Debatte ums Nichtwählen: Geht’s euch zu gut? Ja, klar!
Zahlreiche Kampagnen mahnen zur Stimmabgabe. Dabei ist Nichtwählen kein Beitrag zum Untergang der Demokratie, sondern ihr Luxus.
W ahlwerbung, überall Wahlwerbung. Mal für diese Partei, mal für jene. Immer wieder aber auch: für die Wahl selbst. Kein Wunder. Der Urnengang an sich scheint ein Akzeptanzproblem zu haben. Die Friedrich-Ebert-Stiftung sieht gar schon die Demokratie gefährdet, weil große Teile der Bevölkerung mit der Wahl nichts zu tun haben wollen. So ein Drama.
Entsprechend setzen die Wahlwerber auf den erhobenen Zeigefinger. Gerade lag zum Beispiel der Frankfurter Allgemeinen Zeitung ein Heftchen mit dem Titel „Denk ich an Deutschland 2013“ bei. Auf dem Titel: Demonstranten, die am 17. Juni 1953 in Ostberlin freie Wahlen forderten. Innen fünf Seiten über Länder, in denen „der Urnengang zu einem mutigen und stolzen Akt politischer Willensbekundung werden“ kann. Ein Foto zeigt eine lange Reihe von Kenianern durch die Steppe zum Wahllokal wandernd.
Schön.
Oder anders gesagt: Geht’s nicht noch platter?

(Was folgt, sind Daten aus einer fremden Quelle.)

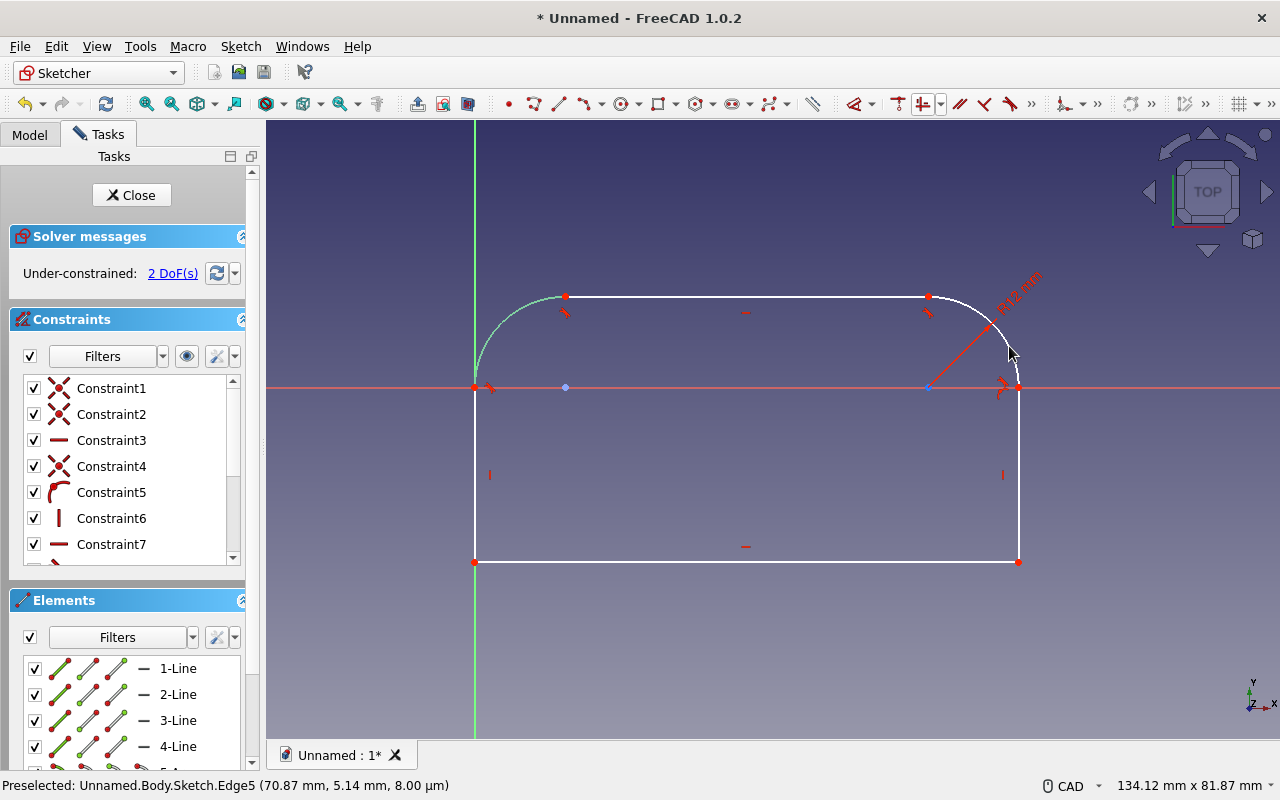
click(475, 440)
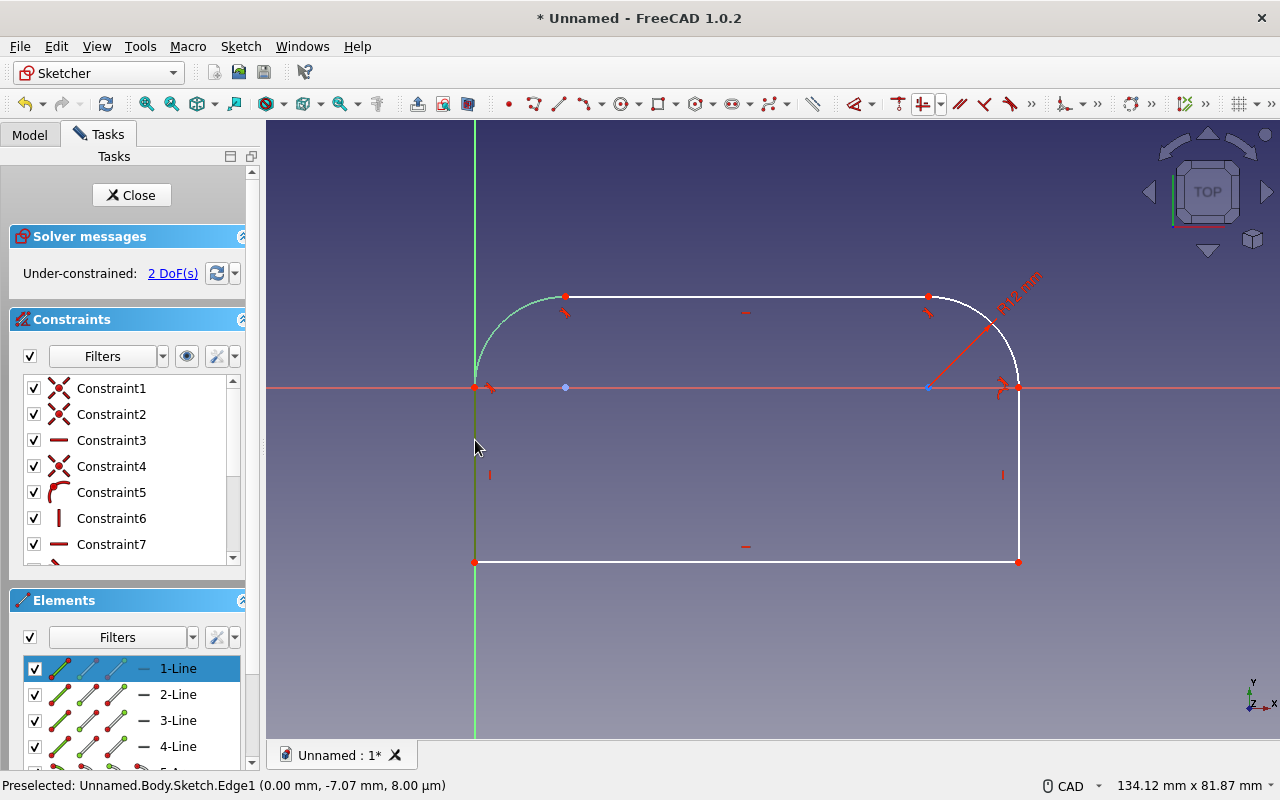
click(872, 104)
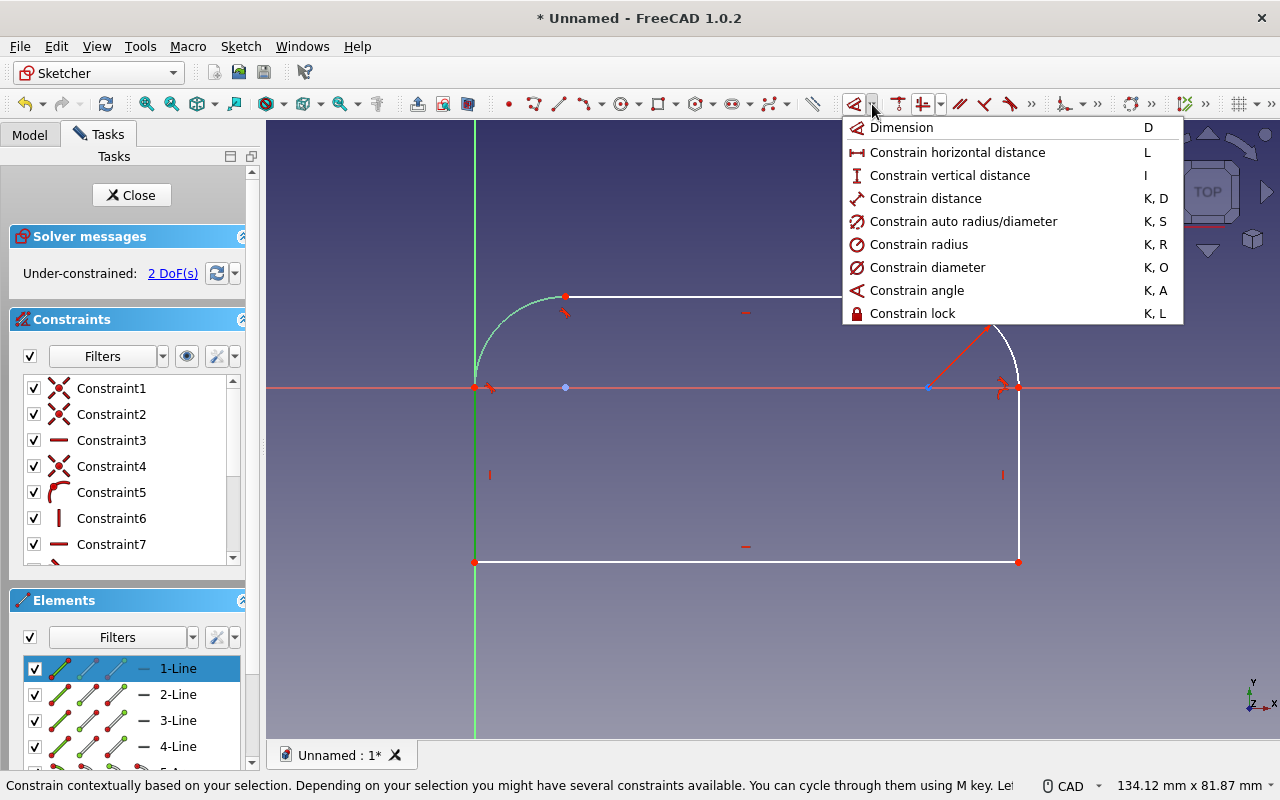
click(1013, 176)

Diese Demokratieromantik erinnert fatal an Eltern, die ihren das Esssen verweigernden Kids mit dem Argument „Denk doch an die hungernden Kinder in Afrika!“ ein schlechtes Gewissen machen wollen. Dabei erkennt schon ein Achtjähriger, dass niemand am Äquator davon satt wird, wenn er selbst den letzten Krümel vom Teller verzehrt. In einer gut versorgten Gesellschaft wie Deutschland ist man eben nicht gezwungen, alles zu essen, was auf den Tisch kommt. Zum Glück.
Denn Freiheit ist immer nur die Freiheit, auch mal „Nein“ zu sagen. Besser noch: Mal nichts zu sagen. Keine Position haben zu müssen. Zumal die großen Schlachten geschlagen sind.
Es geht schon lange nicht mehr um Kapitalismus versus Kommunismus, sondern nur noch um die Frage, ob die soziale Marktwirtschaft etwas sozialer oder etwas marktwirtschaftlicher sein soll. Es geht nicht mehr um pro und contra Atomkraft, sondern nur noch um die Frage, wie viel Cent pro Kilowattstunde die Energiewende wen kosten soll. Es wird nicht einmal mehr diskutiert, ob Frauen, Homosexuelle, Migranten und so weiter grundsätzlich gleichgestellt werden sollen, sondern nur noch, wie das in der Praxis auch gewährleistet werden soll und muss.
Nur noch?
Aber das sind doch genau die entscheidenden Punkte, werden nun viele aufstöhnen.
Stimmt!
Und wer das so sieht, sollte auch zur Wahl gehen. Unbedingt. Aber eben nicht, weil man sich den heroischen Vorkämpfern für ein Wahlrecht verpflichtet fühlt. Oder den armen, nach Beteiligung hungernden Menschen in Afrika, Vorder-, Hinter- und Mittelasien. Sondern weil man das Bedürfnis hat, sein Kreuz zu machen.
Wer als Anhänger der demokratischen Republik seinen urnenignorierenden Mitmenschen nur ein empörtes „Euch geht’s wohl zu gut!“ entgegenschleudert, muss sich nicht wundern, wenn die kurzerhand antworten: „Ja, stimmt! So what?“
Ist das dann Dekadenz? Ach Quatsch. Was soll schlimm daran sein, sich mal ganz entspannt auf dem Status quo auszuruhen? Solche Wahlverweigerer sind keinesfalls unzufriedene, enttäuschte und parteiverdrossene Politikverächter. Im Gegenteil: Sie sind ein Zeichen satter Zufriedenheit mit dem Gesamtzustand. Umgekehrt formuliert: In dem Staat, dessen Bürger so sehr nach Veränderung gieren, dass bis zum Letzten jeder abstimmen will, will man nicht leben. Dort wären Wahlen aller Wahrscheinlichkeit nach sogar verboten.
Für alle, die immer noch partout mit diesen entspannten Nichtwählern nichts anfangen können, noch ein kleiner Trost: Je weniger von allen anderen ihre Stimme abgeben, desto stärker zählt das eigene Votum. Und das ist doch eh das Wichtigste, oder?